# [Assigned task]
Only the lines below between the ones containing "</g></defs>" and "164.2h11M38.3 161.7h11M51.3 171.7h11M51.3", inclusive, are to be reproduced, each exactly as it stands.

........

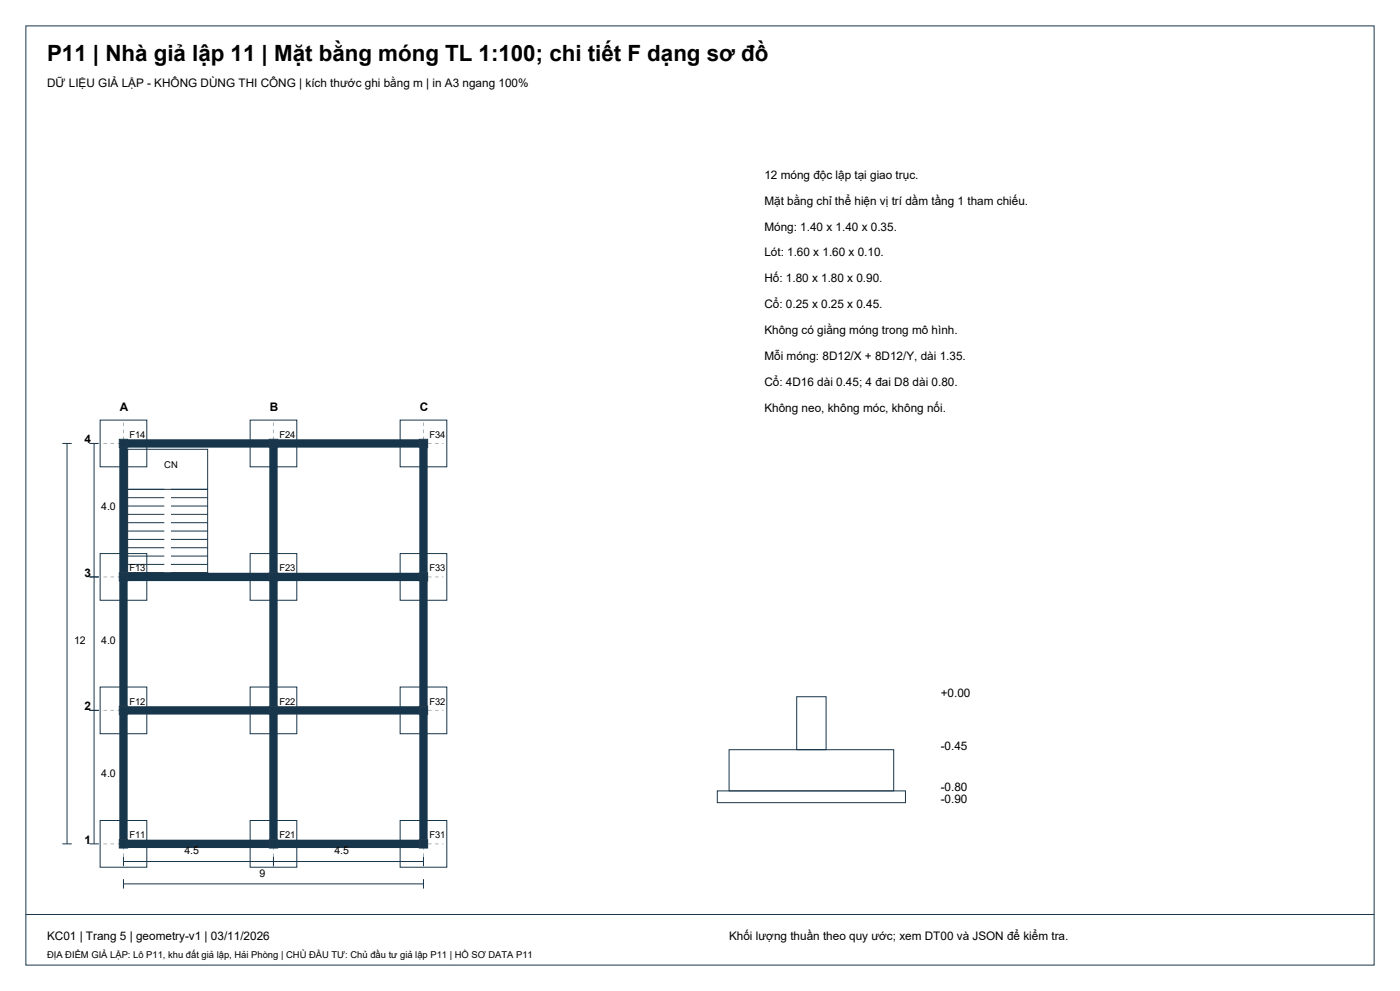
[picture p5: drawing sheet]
<svg xmlns="http://www.w3.org/2000/svg" width="420mm" height="297mm" viewBox="0 0 420 297" stroke-linecap="round" stroke-linejoin="round" font-family="sans-serif">
<defs><g id="words">
<text font-size="6.7" x="14.1" y="18.3">P11 | Nhà giả lập 11 | Mặt bằng móng TL 1:100; chi tiết F dạng sơ đồ</text>
<g font-size="3.5">
<text x="14.1" y="26.1">DỮ LIỆU GIẢ LẬP - KHÔNG DÙNG THI CÔNG | kích thước ghi bằng m | in A3 ngang 100%</text>
<text x="229.3" y="53.6">12 móng độc lập tại giao trục.</text>
<text x="229.3" y="61.3">Mặt bằng chỉ thể hiện vị trí dầm tầng 1 tham chiếu.</text>
<text x="229.3" y="69.1">Móng: 1.40 x 1.40 x 0.35.</text>
<text x="229.3" y="76.9">Lót: 1.60 x 1.60 x 0.10.</text>
<text x="229.3" y="84.6">Hố: 1.80 x 1.80 x 0.90.</text>
<text x="229.3" y="92.4">Cổ: 0.25 x 0.25 x 0.45.</text>
<text x="229.3" y="100.2">Không có giằng móng trong mô hình.</text>
<text x="229.3" y="107.9">Mỗi móng: 8D12/X + 8D12/Y, dài 1.35.</text>
<text x="229.3" y="115.7">Cổ: 4D16 dài 0.45; 4 đai D8 dài 0.80.</text>
<text x="36" y="123.1">A</text>
<text x="81" y="123.1">B</text>
<text x="126" y="123.1">C</text>
<text x="229.3" y="123.4">Không neo, không móc, không nối.</text>
<text x="25.4" y="132.9">4</text>
<text x="25.4" y="172.9">3</text>
<text x="282.2" y="208.8">+0.00</text>
<text x="25.4" y="212.9">2</text>
<text x="282.2" y="224.7">-0.45</text>
<text x="282.2" y="237">-0.80</text>
<text x="282.2" y="240.6">-0.90</text>
<text x="25.4" y="252.9">1</text>
<text x="14.1" y="281.8">KC01 | Trang 5 | geometry-v1 | 03/11/2026</text>
<text x="218.7" y="281.8">Khối lượng thuần theo quy ước; xem DT00 và JSON để kiểm tra.</text>
</g>
<g font-size="3.2">
<text x="30.3" y="152.9">4.0</text>
<text x="22.2" y="192.9">12</text>
<text x="30.3" y="192.9">4.0</text>
<text x="30.3" y="232.9">4.0</text>
<text x="55.3" y="256.1">4.5</text>
<text x="100.3" y="256.1">4.5</text>
<text x="77.8" y="262.8">9</text>
</g>
<g font-size="2.8">
<text x="38.8" y="131.1">F14</text>
<text x="83.8" y="131.1">F24</text>
<text x="128.8" y="131.1">F34</text>
<text x="49.3" y="140.2">CN</text>
<text x="38.8" y="171.1">F13</text>
<text x="83.8" y="171.1">F23</text>
<text x="128.8" y="171.1">F33</text>
<text x="38.8" y="211.1">F12</text>
<text x="83.8" y="211.1">F22</text>
<text x="128.8" y="211.1">F32</text>
<text x="38.8" y="251.1">F11</text>
<text x="83.8" y="251.1">F21</text>
<text x="128.8" y="251.1">F31</text>
<text x="14.1" y="287.1">ĐỊA ĐIỂM GIẢ LẬP: Lô P11, khu đất giả lập, Hải Phòng | CHỦ ĐẦU TƯ: Chủ đầu tư giả lập P11 | HỒ SƠ DATA P11</text>
</g>
</g></defs>
<path d="M7.8 7.8h404.4v281.4h-404.4zM7.8 274.1h404.4" fill="none" stroke="#19364a" stroke-width=".3"/>
<path d="M31 132.9h102M31 172.9h102M31 212.9h102M31 252.9h102M37 258.9v-133M82 258.9v-133M127 258.9v-133" fill="none" stroke="#a6b4be" stroke-width=".3" stroke-dasharray="1.1 1.1" stroke-linecap="butt"/>
<g fill="none" stroke="#17364b" stroke-width="2.5" stroke-linecap="butt">
<path d="M37 134.2v37.5M38.3 132.9h42.5M82 134.2v37.5M83.3 132.9h42.5M127 134.2v37.5M37 174.2v37.5M38.3 172.9h42.5M82 174.2v37.5M83.3 172.9h42.5M127 174.2v37.5M37 214.2v37.5M38.3 212.9h42.5"/>
<path d="M82 214.2v37.5M83.3 212.9h42.5M127 214.2v37.5M38.3 252.9h42.5M83.3 252.9h42.5"/>
</g>
<g fill="#17364b" stroke="#17364b" stroke-width=".3">
<path d="M35.8 251.7h2.5v2.5h-2.5z" fill-rule="evenodd"/>
<path d="M35.8 211.7h2.5v2.5h-2.5z" fill-rule="evenodd"/>
<path d="M35.8 171.7h2.5v2.5h-2.5z" fill-rule="evenodd"/>
<path d="M35.8 131.7h2.5v2.5h-2.5z" fill-rule="evenodd"/>
<path d="M80.8 251.7h2.5v2.5h-2.5z" fill-rule="evenodd"/>
<path d="M80.8 211.7h2.5v2.5h-2.5z" fill-rule="evenodd"/>
<path d="M80.8 171.7h2.5v2.5h-2.5z" fill-rule="evenodd"/>
<path d="M80.8 131.7h2.5v2.5h-2.5z" fill-rule="evenodd"/>
<path d="M125.8 251.7h2.5v2.5h-2.5z" fill-rule="evenodd"/>
<path d="M125.8 211.7h2.5v2.5h-2.5z" fill-rule="evenodd"/>
<path d="M125.8 171.7h2.5v2.5h-2.5z" fill-rule="evenodd"/>
<path d="M125.8 131.7h2.5v2.5h-2.5z" fill-rule="evenodd"/>
</g>
<g fill="none" stroke="#17364b" stroke-width=".3">
<path d="M18.7 132.9h2.8M20.1 132.9v120M26.8 132.9h2.8M28.2 132.9v120M30 125.9h14v14h-14zM38.3 134.7h24v37h-24zM75 125.9h14v14h-14zM120 125.9h14v14h-14zM38.3 159.2h11M38.3 156.7h11M38.3 154.2h11M38.3 151.7h11"/>
<path d="M38.3 149.2h11M38.3 146.7h24M51.3 159.2h11M51.3 156.7h11M51.3 154.2h11M51.3 151.7h11M51.3 149.2h11M26.8 172.9h2.8M30 165.9h14v14h-14zM38.3 171.7h11M38.3 169.2h11M38.3 166.7h11"/>
<path d="M38.3 164.2h11M38.3 161.7h11M51.3 171.7h11M51.3 169.2h11M51.3 166.7h11M51.3 164.2h11M51.3 161.7h11M75 165.9h14v14h-14zM120 165.9h14v14h-14zM26.8 212.9h2.8M30 205.9h14v14h-14zM75 205.9h14v14h-14z"/>
<path d="M120 205.9h14v14h-14zM239 208.8h8.8v15.9h-8.8zM215.2 237h56.4v3.6h-56.4zM218.7 224.7h49.4v12.3h-49.4zM18.7 252.9h2.8M26.8 252.9h2.8M30 245.9h14v14h-14zM37 256.8v2.8M37 258.2h90M75 245.9h14v14h-14zM82 256.8v2.8M120 245.9h14v14h-14z"/>
<path d="M127 256.8v2.8M37 264.9h90M37 263.5v2.8M127 263.5v2.8"/>
</g>
<use href="#words"/>
</svg>

........

# [Problem solution]
</g></defs>
<path d="M7.8 7.8h404.4v281.4h-404.4zM7.8 274.1h404.4" fill="none" stroke="#19364a" stroke-width=".3"/>
<path d="M31 132.9h102M31 172.9h102M31 212.9h102M31 252.9h102M37 258.9v-133M82 258.9v-133M127 258.9v-133" fill="none" stroke="#a6b4be" stroke-width=".3" stroke-dasharray="1.1 1.1" stroke-linecap="butt"/>
<g fill="none" stroke="#17364b" stroke-width="2.5" stroke-linecap="butt">
<path d="M37 134.2v37.5M38.3 132.9h42.5M82 134.2v37.5M83.3 132.9h42.5M127 134.2v37.5M37 174.2v37.5M38.3 172.9h42.5M82 174.2v37.5M83.3 172.9h42.5M127 174.2v37.5M37 214.2v37.5M38.3 212.9h42.5"/>
<path d="M82 214.2v37.5M83.3 212.9h42.5M127 214.2v37.5M38.3 252.9h42.5M83.3 252.9h42.5"/>
</g>
<g fill="#17364b" stroke="#17364b" stroke-width=".3">
<path d="M35.8 251.7h2.5v2.5h-2.5z" fill-rule="evenodd"/>
<path d="M35.8 211.7h2.5v2.5h-2.5z" fill-rule="evenodd"/>
<path d="M35.8 171.7h2.5v2.5h-2.5z" fill-rule="evenodd"/>
<path d="M35.8 131.7h2.5v2.5h-2.5z" fill-rule="evenodd"/>
<path d="M80.8 251.7h2.5v2.5h-2.5z" fill-rule="evenodd"/>
<path d="M80.8 211.7h2.5v2.5h-2.5z" fill-rule="evenodd"/>
<path d="M80.8 171.7h2.5v2.5h-2.5z" fill-rule="evenodd"/>
<path d="M80.8 131.7h2.5v2.5h-2.5z" fill-rule="evenodd"/>
<path d="M125.8 251.7h2.5v2.5h-2.5z" fill-rule="evenodd"/>
<path d="M125.8 211.7h2.5v2.5h-2.5z" fill-rule="evenodd"/>
<path d="M125.8 171.7h2.5v2.5h-2.5z" fill-rule="evenodd"/>
<path d="M125.8 131.7h2.5v2.5h-2.5z" fill-rule="evenodd"/>
</g>
<g fill="none" stroke="#17364b" stroke-width=".3">
<path d="M18.7 132.9h2.8M20.1 132.9v120M26.8 132.9h2.8M28.2 132.9v120M30 125.9h14v14h-14zM38.3 134.7h24v37h-24zM75 125.9h14v14h-14zM120 125.9h14v14h-14zM38.3 159.2h11M38.3 156.7h11M38.3 154.2h11M38.3 151.7h11"/>
<path d="M38.3 149.2h11M38.3 146.7h24M51.3 159.2h11M51.3 156.7h11M51.3 154.2h11M51.3 151.7h11M51.3 149.2h11M26.8 172.9h2.8M30 165.9h14v14h-14zM38.3 171.7h11M38.3 169.2h11M38.3 166.7h11"/>
<path d="M38.3 164.2h11M38.3 161.7h11M51.3 171.7h11M51.3 169.2h11M51.3 166.7h11M51.3 164.2h11M51.3 161.7h11M75 165.9h14v14h-14zM120 165.9h14v14h-14zM26.8 212.9h2.8M30 205.9h14v14h-14zM75 205.9h14v14h-14z"/>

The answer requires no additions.